Yahya Jammeh
Gambia's long-time president Yahya Jammeh was defeated by President-elect Adama Barrow in the 1 December 2016 presidential election, but there are increasing signs that he may attempt to stay in power Issouf Sanogo/AFP/Getty

Amid increasing uncertainties Gambia's incumbent President Yahya Jammeh will step down at the end of his mandate on 19 January, the country's army chief has reaffirmed his loyalty to Jammeh.

Jammeh was defeated by Adama Barrow in the 1 December election, but reversed his position on 9 December and rejected the election results.

With Jammeh vowing to stay in power despite losing the election, West African regional bloc Ecowas threatened to stage a military intervention to unseat the head of state if he refuses to leave office later this month.

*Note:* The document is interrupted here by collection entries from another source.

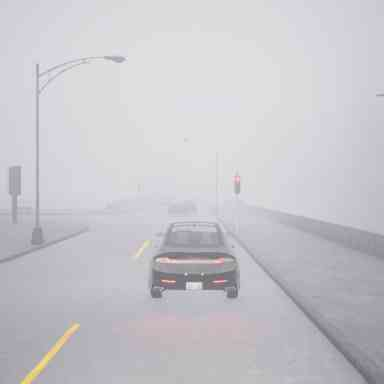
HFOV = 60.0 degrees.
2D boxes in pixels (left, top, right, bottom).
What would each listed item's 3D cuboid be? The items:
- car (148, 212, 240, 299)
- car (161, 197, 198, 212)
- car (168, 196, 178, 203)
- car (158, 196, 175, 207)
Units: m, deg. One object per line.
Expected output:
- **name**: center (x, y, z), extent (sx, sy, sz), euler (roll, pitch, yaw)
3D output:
- **car**: center (0.059, 1.492, 8.469), extent (2.128, 1.511, 4.902), euler (0, 0, 0)
- **car**: center (-0.950, 1.526, 33.761), extent (1.812, 1.442, 4.674), euler (1, 0, 23)
- **car**: center (-4.029, 1.552, 70.343), extent (1.994, 1.385, 4.181), euler (0, 0, 0)
- **car**: center (-4.118, 1.547, 50.860), extent (2.033, 1.411, 5.357), euler (0, 0, 0)
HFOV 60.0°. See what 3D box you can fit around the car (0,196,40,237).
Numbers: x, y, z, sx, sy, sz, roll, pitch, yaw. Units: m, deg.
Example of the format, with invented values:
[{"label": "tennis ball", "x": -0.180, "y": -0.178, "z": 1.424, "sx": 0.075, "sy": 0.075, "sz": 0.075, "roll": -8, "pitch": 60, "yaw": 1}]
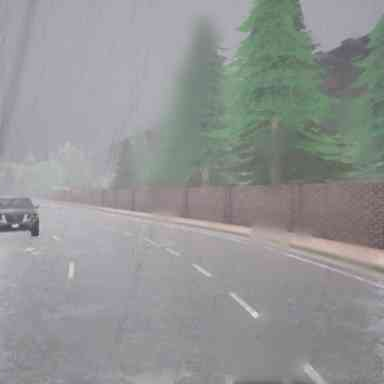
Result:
[{"label": "car", "x": -9.599, "y": 1.234, "z": 17.858, "sx": 2.150, "sy": 2.045, "sz": 5.566, "roll": -1, "pitch": 0, "yaw": -30}]
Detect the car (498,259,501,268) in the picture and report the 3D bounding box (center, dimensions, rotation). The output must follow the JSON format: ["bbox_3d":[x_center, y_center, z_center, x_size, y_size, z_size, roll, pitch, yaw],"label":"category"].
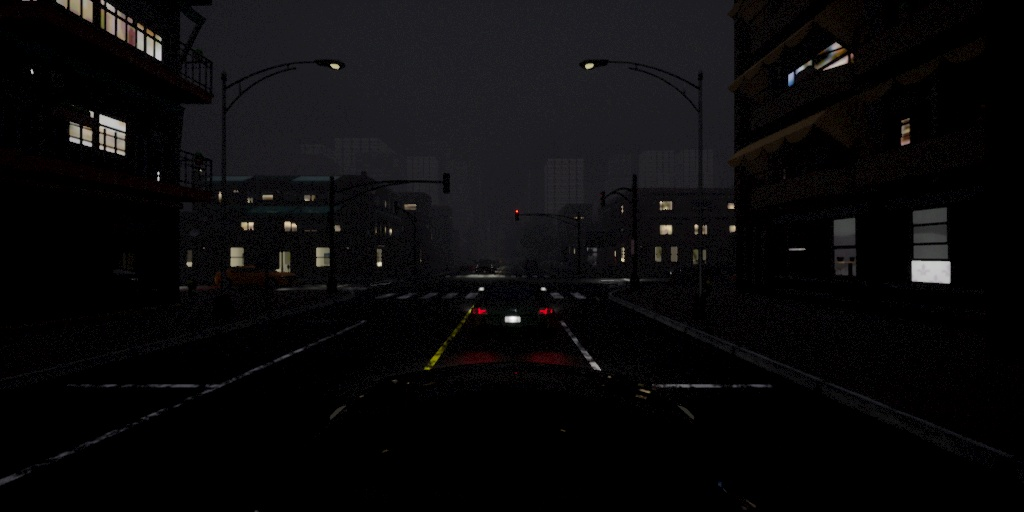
[{"bbox_3d":[-3.066,1.303,50.540,2.033,1.411,5.357,0,0,0],"label":"car"}]

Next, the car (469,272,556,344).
[{"bbox_3d":[0.014,1.312,9.611,1.994,1.385,4.181,0,0,0],"label":"car"}]

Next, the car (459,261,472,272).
[{"bbox_3d":[-5.751,1.298,46.488,1.888,1.381,4.507,0,0,0],"label":"car"}]

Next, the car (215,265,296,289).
[{"bbox_3d":[-17.783,1.410,25.014,5.008,1.535,1.882,-1,0,0],"label":"car"}]

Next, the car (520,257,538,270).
[{"bbox_3d":[2.721,1.071,52.004,2.192,1.841,5.009,0,0,0],"label":"car"}]

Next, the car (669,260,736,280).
[{"bbox_3d":[14.953,1.050,28.214,4.902,1.511,2.128,-1,0,0],"label":"car"}]

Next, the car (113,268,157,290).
[{"bbox_3d":[-27.695,1.576,25.015,4.674,1.442,1.812,-1,0,0],"label":"car"}]

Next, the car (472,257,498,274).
[{"bbox_3d":[-3.012,1.101,40.674,2.097,1.767,4.553,0,0,-2],"label":"car"}]

On 4 January, Chief of Defense Staff Lieutenant General Ousman Badgie reaffirmed his loyalty to President Jammeh in a letter he wrote to the pro-government Daily Observer newspaper.

"May I please seize this opportunity to renew to your Excellency the assurance of the unflinching loyalty and support of the Gambia Armed Forces [GAF]," he wrote.

His letter continued: ''Please permit me to commend you for your demonstrated personal commitment to The Gambia Armed Forces which is guided by your vision of making The Gambia Armed Forces not only as one of the most developed armies but that which is second to none in the world,."

As Gambia reached a political stalemate, Ecowas leaders on 23 December said troops in neighbouring Senegal were ready to intervene. "We have put standby forces on alert if he does not [step down] on January 19 when his mandate ends," Ecowas commission president, Marcel de Souza said. "No one has the right to oppose the will of the people."

Jammeh this week threatened to use Gambia's own military apparatus to combat Ecowas' troops, saying any deployment would constitute an "act of war". Commentators have previously said that Jammeh's chances of clinging to power would be significantly reduced if the army chief switches loyalty.

There have been increasing signs that, in an attempt to stay in power, Jammeh has further muzzled the media by closing down three private radio stations this week.

On 3 January, it was reported that Gambia's electoral commission chairman, Alieu Momar Njai, fled the country following the threats he received after declaring Jammeh the loser.